Children who are born after December 31, 2018, and who live in low- and middle-income families would be eligible for baby bonds, according to the bill introduced by Booker and other co-sponsors.
The income cap would cut off annual payments for families who earn more than 325% of the poverty line. The current federal poverty line (FPL) for a family of four is $26,500, which means that families of four earning more than $86,125 wouldn’t qualify for the additional annual payments.
How would the payments work?
After the initial seed investment, the government would provide annual deposits based on a family’s income. The poorest families, or those earning below the FPL, would receive the full $2,000 annual investment, while families with incomes above that would get smaller amounts each year.
Families earning between the poverty threshold and up to 125% of the FPL would receive $1,500 per child. Those earning between 125% to 175% would get $1,000 annually per child, while those between 175% and 225% would receive $500 each year. Those earning up to 325% of the FPL would receive $250 annually, while those above that level wouldn’t be eligible for the bonds.
How much could kids save?
Assuming an annual compound interest rate of 2%, an 18-year-old from a family living below the poverty line today would end up with $42,253 if they had received baby bonds throughout their life, according to the Urban Institute, a centrist think tank.
Children from middle-income families would end up with much less because they would receive smaller investments. For instance, children from families earning up to 325% of the FPL would end up with $7,248 by the time they turn 18, according to the Committee for a Responsible Federal Budget.
How would this narrow the racial wealth gap?
A far greater share of Black, Latino and Asian children would qualify for the payments compared with White children because they are more likely to live in families with low or moderate incomes, according to the Urban Institute. For example, 28% of Black 18-year-olds live in families below the federal poverty level, more than double the share of White 18-year-olds.

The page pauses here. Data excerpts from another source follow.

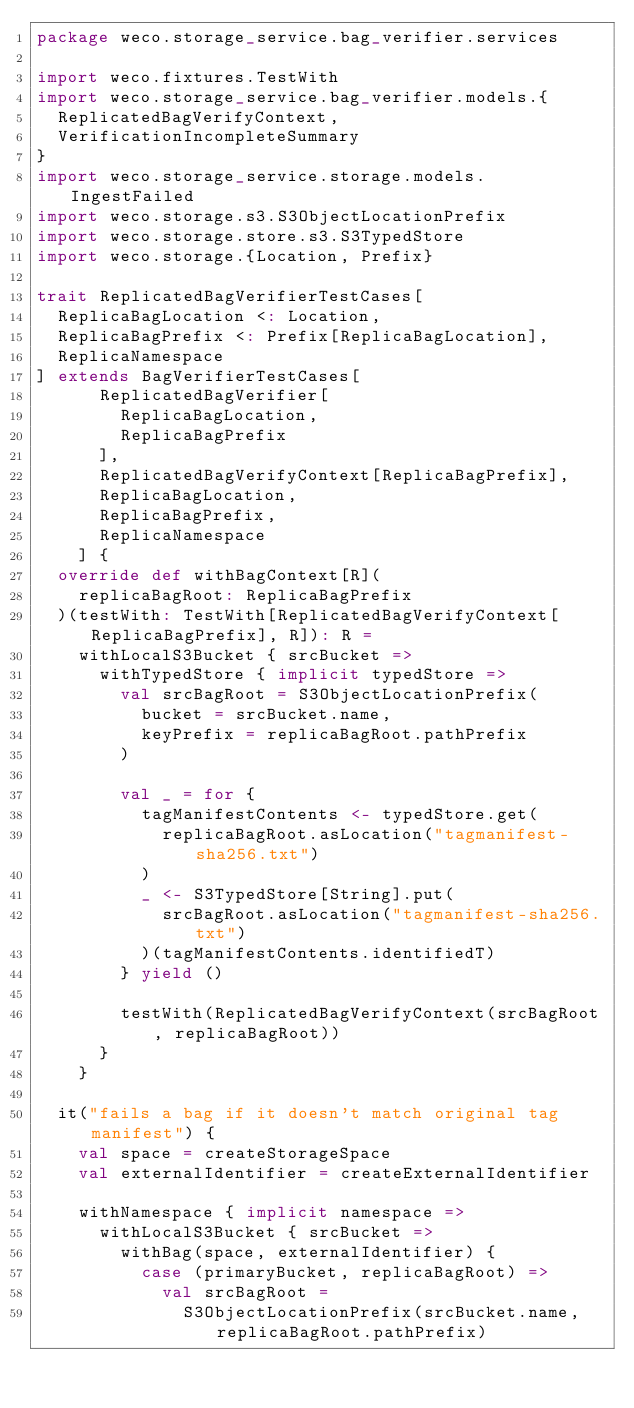<code> <loc_0><loc_0><loc_500><loc_500><_Scala_>package weco.storage_service.bag_verifier.services

import weco.fixtures.TestWith
import weco.storage_service.bag_verifier.models.{
  ReplicatedBagVerifyContext,
  VerificationIncompleteSummary
}
import weco.storage_service.storage.models.IngestFailed
import weco.storage.s3.S3ObjectLocationPrefix
import weco.storage.store.s3.S3TypedStore
import weco.storage.{Location, Prefix}

trait ReplicatedBagVerifierTestCases[
  ReplicaBagLocation <: Location,
  ReplicaBagPrefix <: Prefix[ReplicaBagLocation],
  ReplicaNamespace
] extends BagVerifierTestCases[
      ReplicatedBagVerifier[
        ReplicaBagLocation,
        ReplicaBagPrefix
      ],
      ReplicatedBagVerifyContext[ReplicaBagPrefix],
      ReplicaBagLocation,
      ReplicaBagPrefix,
      ReplicaNamespace
    ] {
  override def withBagContext[R](
    replicaBagRoot: ReplicaBagPrefix
  )(testWith: TestWith[ReplicatedBagVerifyContext[ReplicaBagPrefix], R]): R =
    withLocalS3Bucket { srcBucket =>
      withTypedStore { implicit typedStore =>
        val srcBagRoot = S3ObjectLocationPrefix(
          bucket = srcBucket.name,
          keyPrefix = replicaBagRoot.pathPrefix
        )

        val _ = for {
          tagManifestContents <- typedStore.get(
            replicaBagRoot.asLocation("tagmanifest-sha256.txt")
          )
          _ <- S3TypedStore[String].put(
            srcBagRoot.asLocation("tagmanifest-sha256.txt")
          )(tagManifestContents.identifiedT)
        } yield ()

        testWith(ReplicatedBagVerifyContext(srcBagRoot, replicaBagRoot))
      }
    }

  it("fails a bag if it doesn't match original tag manifest") {
    val space = createStorageSpace
    val externalIdentifier = createExternalIdentifier

    withNamespace { implicit namespace =>
      withLocalS3Bucket { srcBucket =>
        withBag(space, externalIdentifier) {
          case (primaryBucket, replicaBagRoot) =>
            val srcBagRoot =
              S3ObjectLocationPrefix(srcBucket.name, replicaBagRoot.pathPrefix)
</code>

“Baby bonds would cut the racial wealth gap in half in terms of resources available per child at age 18,” according to Aron Szapiro, head of policy research at investment advisory firm Morningstar.
The median Black family in the U.S. has 96% less in wealth per child compared with White families. Baby bonds would shrink that gap to 56%, Shapiro estimated. The program wouldn’t entirely erase the racial wealth gap because of the greater share of home equity among White families compared with Black families, he noted.
How would baby bonds be paid for?
Funding would be through tax increases on capital gains and inherited assets. Booker’s plan would increase the top rate on long-term capital gains and dividends from 20% to 28%, and eliminate the step-up basis of capital gains at death, according to the Committee for a Responsible Federal Budget.
Together, those tax hikes would raise $700 billion in new revenue over a decade — more than enough to pay for the plan, the analysis found.
What’s the downside?
Opponents of higher tax rates say they would discourage the rich from saving and investment, which could hurt the economy. There’s also concern that baby bond accounts would provide an incentive for colleges and other educational institutions to increase tuition costs, increasing the college affordability crisis.
How likely are baby bonds to become a reality?
Booker’s plan has support from other Democrats, but it is unlikely to draw support from Republican lawmakers. Currently, the Biden administration is focused on initiativesand also expanding the enhanced Child Tax Credit beyond December.
Yet “baby bonds are gaining momentum” thanks to programs like the expanded Child Tax Credit, Hamilton said. “The reality is the tax code is one of America’s biggest fiscal tools, and it reflects our values.”